>>>
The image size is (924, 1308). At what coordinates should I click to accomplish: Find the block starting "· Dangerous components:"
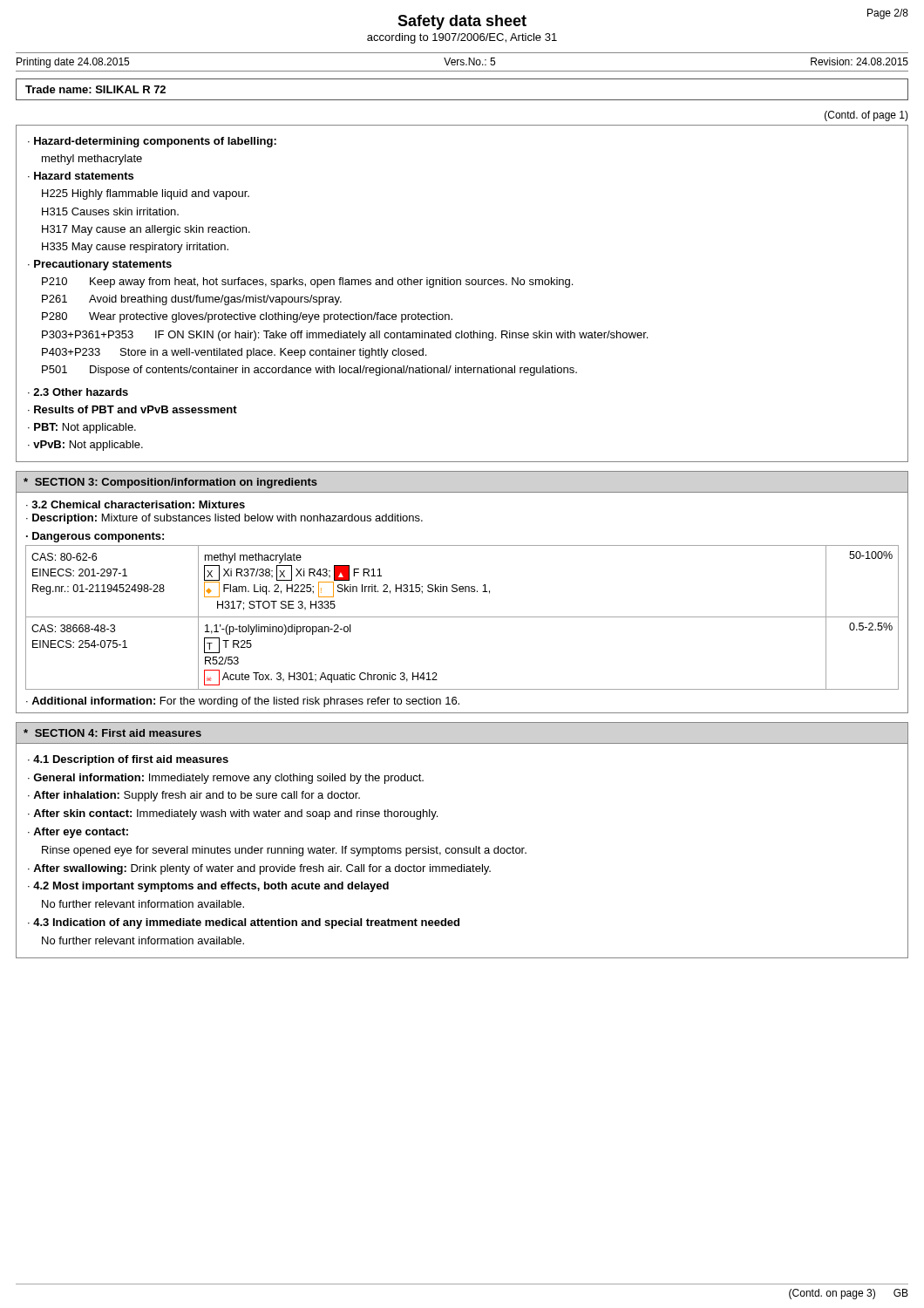tap(95, 535)
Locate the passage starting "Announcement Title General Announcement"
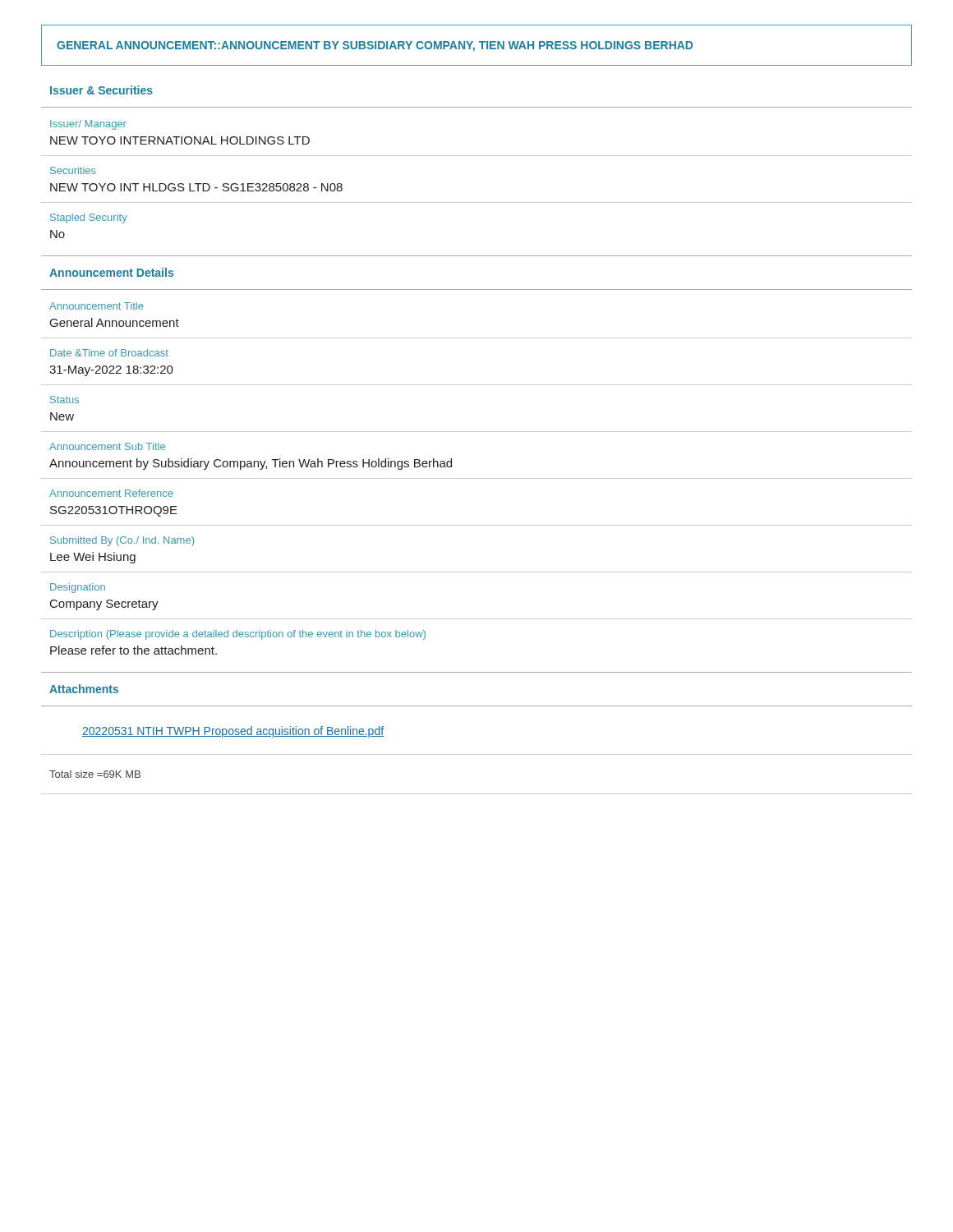Viewport: 953px width, 1232px height. (x=97, y=306)
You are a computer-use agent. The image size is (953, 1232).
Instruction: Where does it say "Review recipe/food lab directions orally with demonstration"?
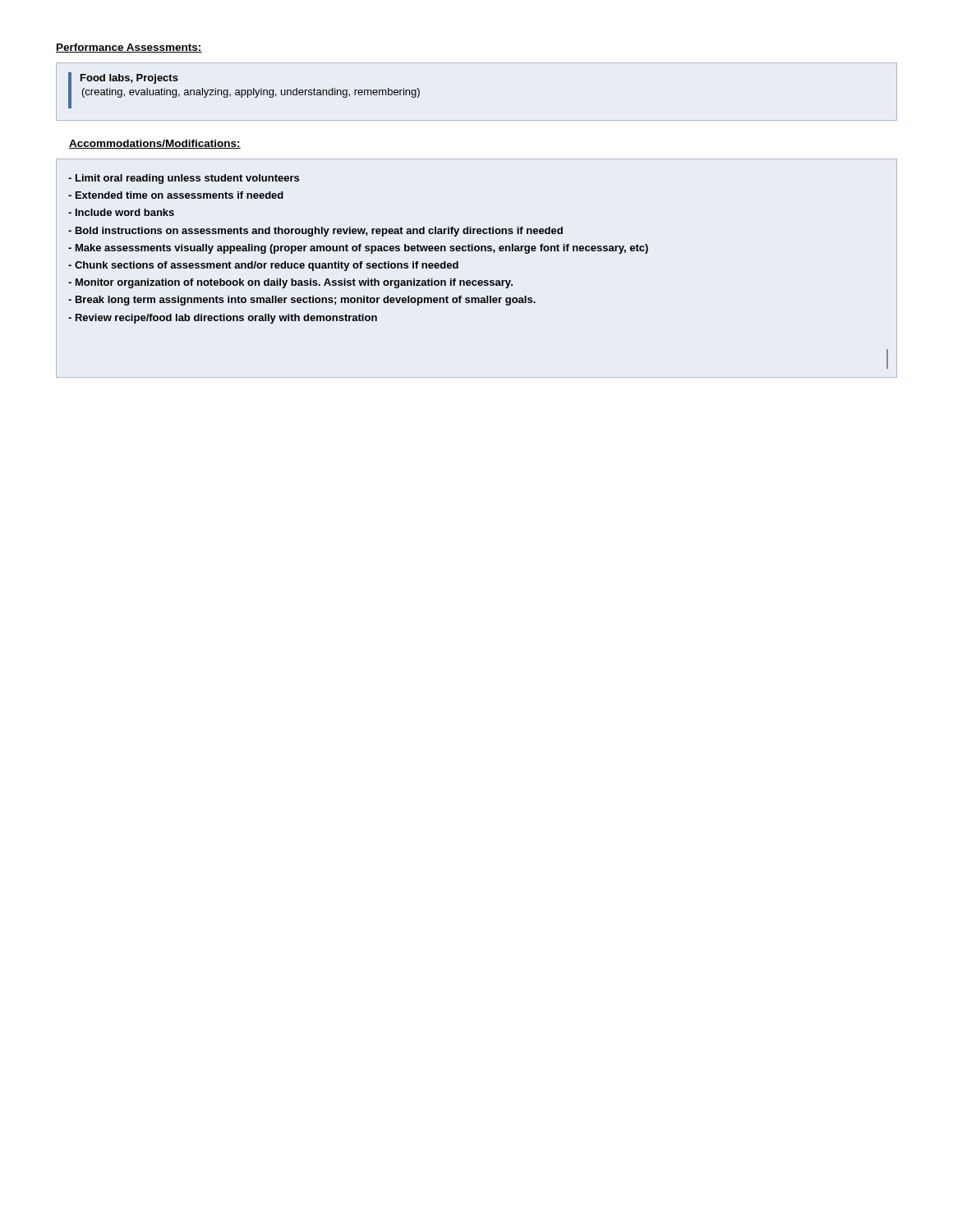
<<<
> _WHAT YOU SHOULD DO_: Without the pictures, write out every line above exactly as it appears.

> _RESULT BELOW_:
The image size is (924, 1308). At what coordinates should I click to accomplish: Find the block starting "· Dangerous components:"
tap(95, 535)
Locate the passage starting "Announcement Title General Announcement"
Viewport: 953px width, 1232px height. (x=97, y=306)
You are a computer-use agent. The image size is (953, 1232).
Instruction: Where does it say "Review recipe/food lab directions orally with demonstration"?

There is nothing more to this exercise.